机を挟んで村長の向かいに座り、ジエシャンは白いチョークと戯れている。

「タイラン(僚太郎)、おまえ熱があるんじゃないのか」。

村長の野太い声に私は軽く答える、

「プーチータオ(不知道)…」(どうすかね…)。

「『不知道』…。フフフ…」。

ジエシャンは私のたどたどしい中国語を茶化し、机に「不知道」と白く書く。彼女がチョークを動かすのを見ていた村長はうれしそうに苦笑いする。

「ジエシャン、潮州語の『ウイシー』ってどう書くの?」

その意味は「眠い」だ。

「『ウイシー』…?漢字はないわ」。

多くの潮州語は漢字がなく、「潮州土音」と呼ばれる音しかない。

「あるぞ。『ウイ』はなぁ…」。

村長はジエシャンの白いチョークを取り上げ、達筆な字で机に「畏」と書く。彼がそこで手を止めると、ジエシャンが高い声を上げながらチョークをもぎ取り、「死」と書く。これが「シー」だ。村長はいたずらっ子の孫を見るような眼で笑う。

潮州語で「死」は最上級を表す。例えば、「とてもいい」という意味の「ホーシー」は「好死」と書く。しかし、村人は「死」という字を忌んで書こうとしない。
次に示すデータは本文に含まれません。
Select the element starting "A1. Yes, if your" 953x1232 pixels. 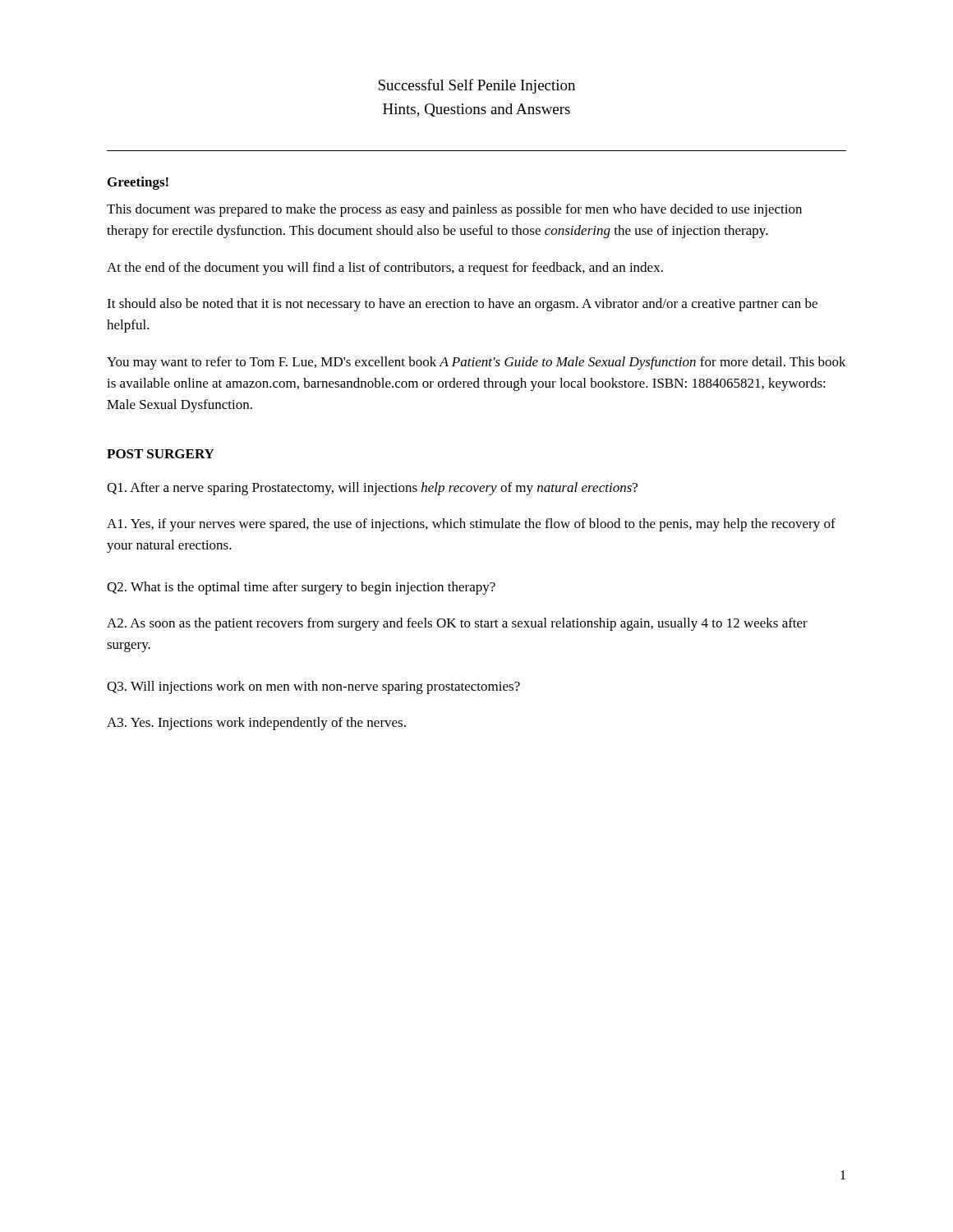click(x=471, y=535)

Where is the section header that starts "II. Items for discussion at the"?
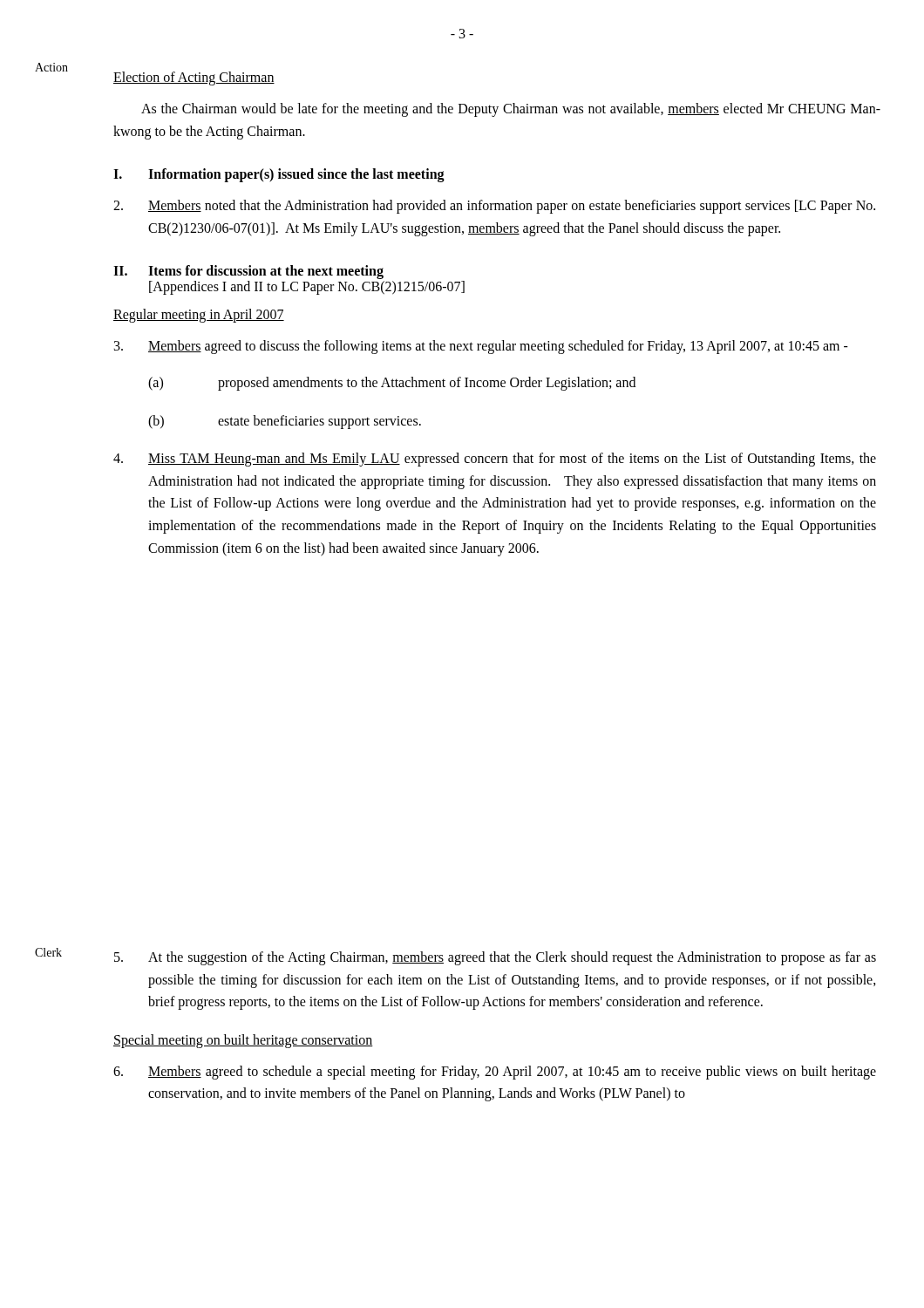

村長に向かって私が発する奇妙な言語を聞きながら、ジエシャンはそれを拾い書きしていく。合間、合間には机の脚に白い横線をたくさん引く。彼女の手と村長の机はチョークだらけだ。

ワークキャンプができる!

真人委員長からメールが来ている、

「どうにかキャンプはできますよ!!」

ビックリマークが2つ付いている。私の喜びの小さな叫びは、ネットバーでゲームに熱中する子供たちの喚声でかき消される。

真人のメールによると、すでに何人か参加希望者がいるという。その中には、福田きよ子さんが含まれている。彼女は、私がハンセン病に関わっている大きなきっかけの1つをつくった人だ。

SARSが日本で騒がれている中、参加募集を公にするともある。真人、ありがとう。

ガン

先日、HANDAの医師・マイケル=チャンに許さんの身体の様子をメールした。その返信が来ている。

「腎臓、膀胱などの検査を受けるべきだ。尿検査の結果からは膀胱の機能障害は見られない。だが、血尿が出ていることだけは気になる。尿道に結石、ガン、あるいは損傷があることが考えられる。許さんの身体の状況と年齢からして、ガンの可能性を考えなければならない」。

腕からこめかみにかけてゾワッとする。ガン…。

「(許)炳遂の症状は陳宏広に似ているんだ」。

以前聴いたこの村長の重い口調と、ぐったりした陳宏広さんのうつむき、「人人一様」とつぶやく許さんの姿が私の中を駆け巡る。陳さんは昨年、亡くなった。